Trim Castle - History and Facts | History Hit

Trim Castle

County Meath, Ireland

Image Credit: Ungor / Shutterstock

About Trim Castle

Trim Castle is Ireland’s largest Anglo-Norman castle, located in County Meath. It is best known for its appearance in the film Braveheart, where it represented the walled city of York.

History of Trim Castle

As with so many castles in Ireland, the land was granted by King Henry II to his loyal supporters – in this case, Hugh de Lacy. De Lacy quickly built a traditional ringwork castle: the area was strategically important, as it was on raised ground and overlooked the River Boyne – about 25 miles inland. It bordered the edge of the Pale, the area on Ireland’s central east coast which remained firmly under Anglo-Norman control. Being on the far fringes made Trim vulnerable to attack by Irish chieftains, as well as extremely important for the English.

Shortly after de Lacy left Ireland, entrusting the castle and lands to one of his chief lieutenants, the last High King of Ireland, Ruaidrí Ua Canannáin, destroyed it.
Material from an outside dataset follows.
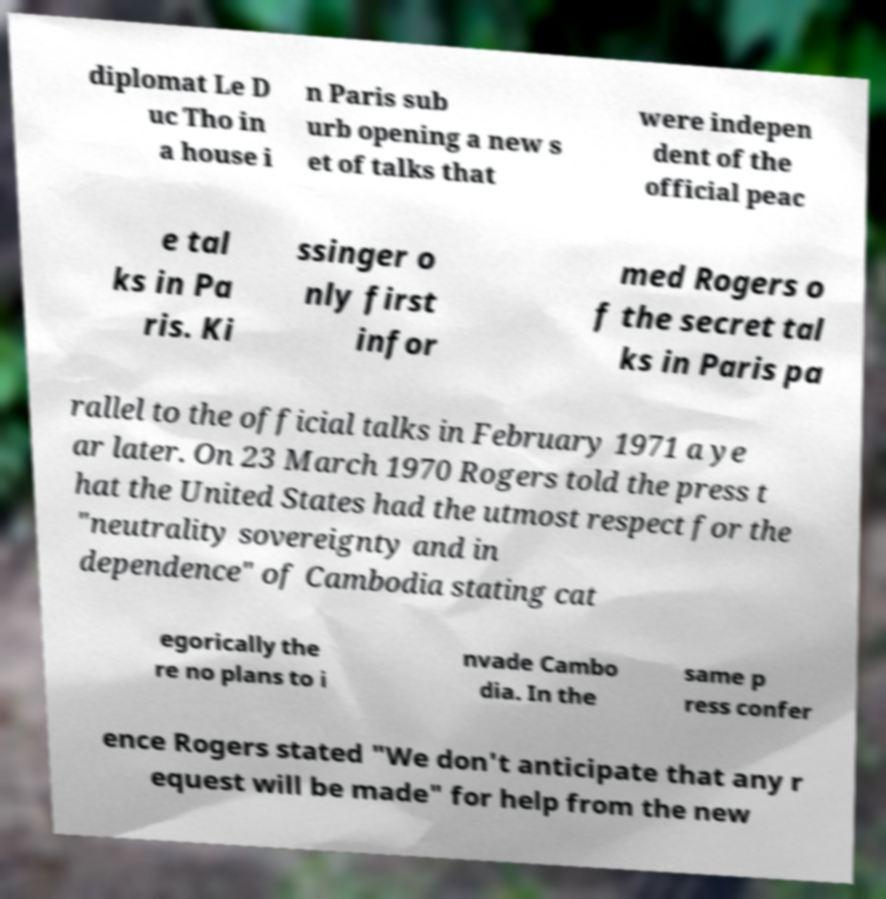Please read and relay the text visible in this image. What does it say? diplomat Le D uc Tho in a house i n Paris sub urb opening a new s et of talks that were indepen dent of the official peac e tal ks in Pa ris. Ki ssinger o nly first infor med Rogers o f the secret tal ks in Paris pa rallel to the official talks in February 1971 a ye ar later. On 23 March 1970 Rogers told the press t hat the United States had the utmost respect for the "neutrality sovereignty and in dependence" of Cambodia stating cat egorically the re no plans to i nvade Cambo dia. In the same p ress confer ence Rogers stated "We don't anticipate that any r equest will be made" for help from the new

Most of the existing structures were completed between 1200 and 1220, by Hugh de Lacy’s son, Walter, who succeeded him as Lord of Meath. There’s a traditional moat, ditch and 450m long, very thick outer curtain wall to protect the castle. Built to be all-but impregnable, Trim Castle survived as a stronghold until the 17th century, when it gradually began to fall into decline.

Sometimes nicknamed King John’s Castle, several English monarchs stayed at Trim Castle when they visited Ireland, including Richard II, John, and the future Henry V was imprisoned here as a prince. The Irish Parliament also met here throughout the 15th century, and a mint operated at the castle.

Despite a period of neglect, it was refortified during the Irish Confederate Wars (1640s), and captured by Cromwell’s army following the Siege of Drogheda in 1549. Eventually, ownership of the castle was handed to the Wellesley family: it changed hands several more times, serving a wide variety of purposes, before being sold to the Irish state in 1993 by the then owners, Lord Dunsany. After major restoration work (costing upward of €4,5 million), it was opened to the public in 2000.

Trim Castle today

Trim Castle is managed by the Office of Public Works today: you’re free to explore the grounds and ruins of the castle at your leisure (although there is a small cost for admission): if you want to explore the magnificent keep, you’ll need to book on to a guided tour. The keep is only accessible via a steep set of stairs, so keep a very close eye on small children and do consider your level of mobility.

Once inside, you’ll marvel at how thick the walls of the keep once were: although partially ruined, the site is nonetheless remarkable at showing exactly how fortified Norman castles were. Look out for boards in the town if you’re a Braveheart fan, which details Mel Gibson’s Braveheart film crew descending on the town of Trim for several months.

Getting to Trim Castle

The castle is located in the heart of the town of Trim, in County Meath. It takes just under an hour to drive from Dublin city centre: take the M3 and turn off at Junction 6, onto the R125 and then R154 to Meath. Bus 111 leaves Dublin’s Busaras towards Athboy, and stops in Meath – it’s then about a 10 minute walk to the castle.